● **Work instruction**
Only the number is wanted: how many lines of these entries contain the word "degrees"?

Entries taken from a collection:
== Segment start ==
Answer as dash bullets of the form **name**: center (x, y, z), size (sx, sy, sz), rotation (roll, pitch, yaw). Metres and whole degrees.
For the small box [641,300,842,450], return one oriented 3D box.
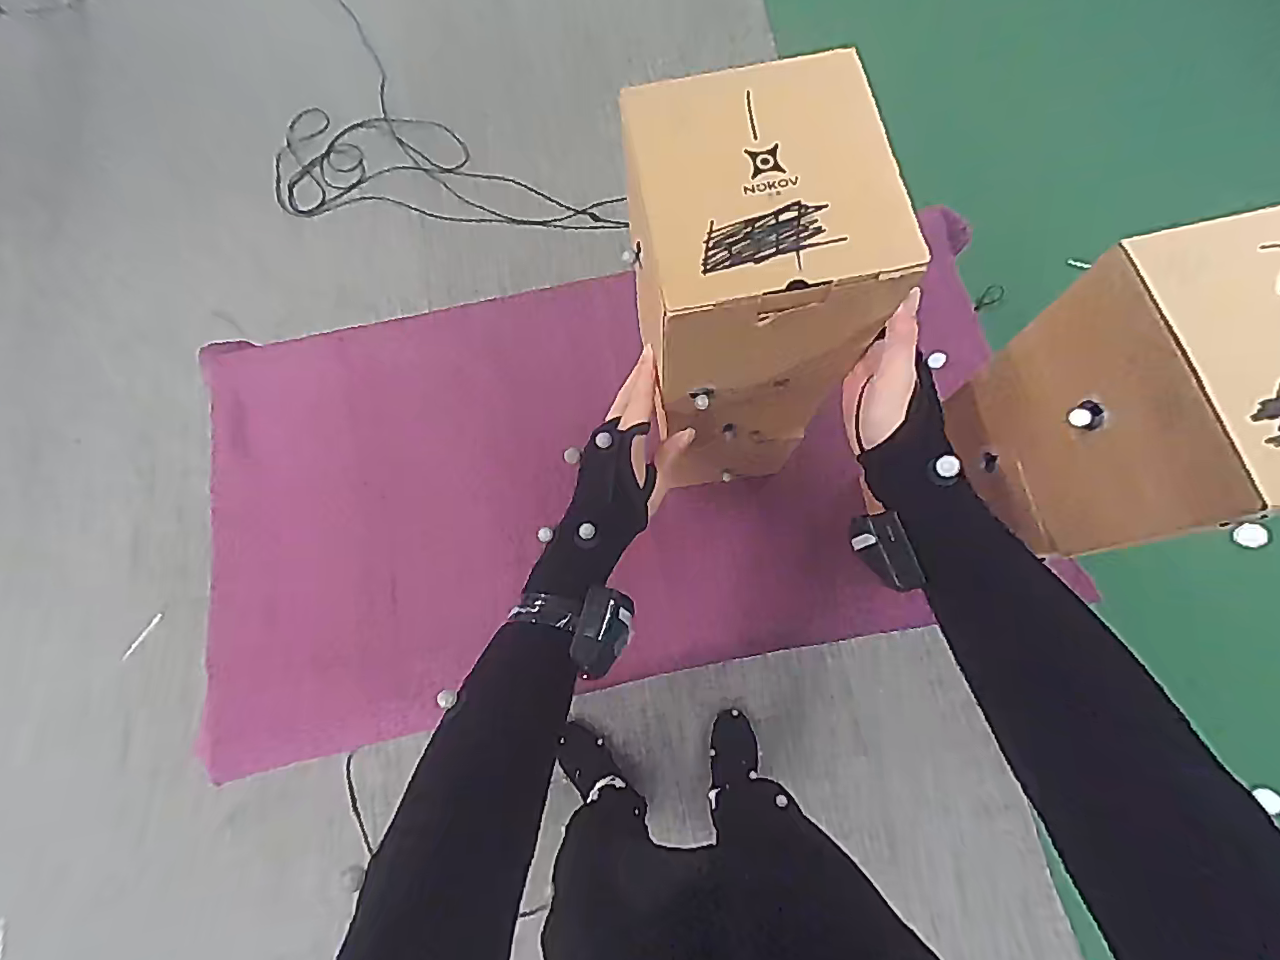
- **small box**: center (0.093, -0.149, 0.590), size (0.168, 0.176, 0.179), rotation (-10, 77, 0)

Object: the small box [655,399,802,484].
- **small box**: center (0.107, -0.105, 0.746), size (0.168, 0.176, 0.179), rotation (-7, 75, 1)

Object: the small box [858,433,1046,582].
- **small box**: center (0.410, 0.034, 0.696), size (0.179, 0.176, 0.168), rotation (-8, 74, 1)

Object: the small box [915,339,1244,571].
- **small box**: center (0.403, -0.014, 0.539), size (0.168, 0.176, 0.179), rotation (-8, 74, 2)

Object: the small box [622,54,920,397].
- **small box**: center (0.084, -0.178, 0.428), size (0.168, 0.176, 0.179), rotation (-10, 76, 0)
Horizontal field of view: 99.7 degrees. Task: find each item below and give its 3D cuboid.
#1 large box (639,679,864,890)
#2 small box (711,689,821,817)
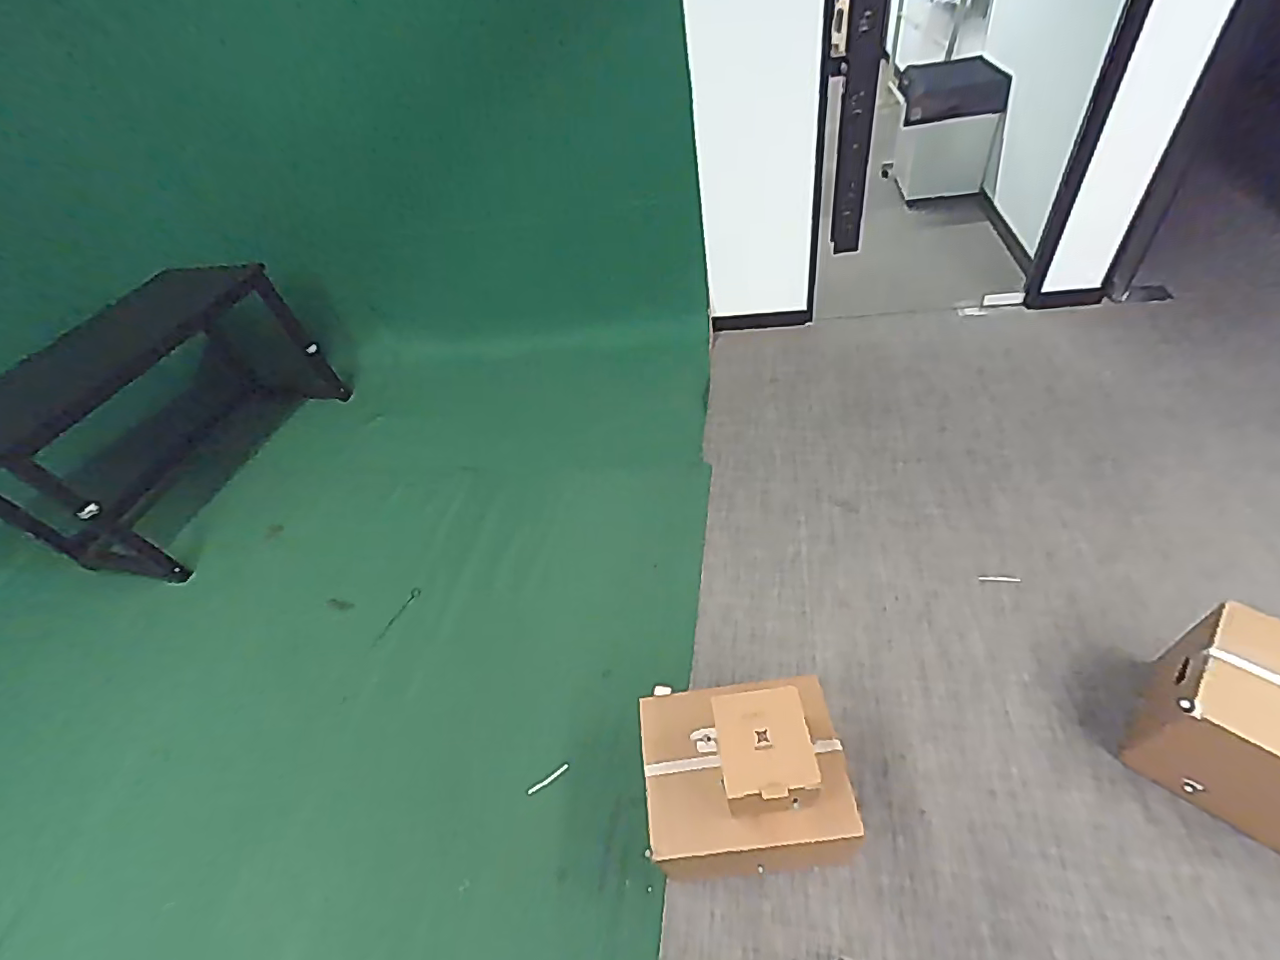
== Segment end ==
● **Output of the exercise**
2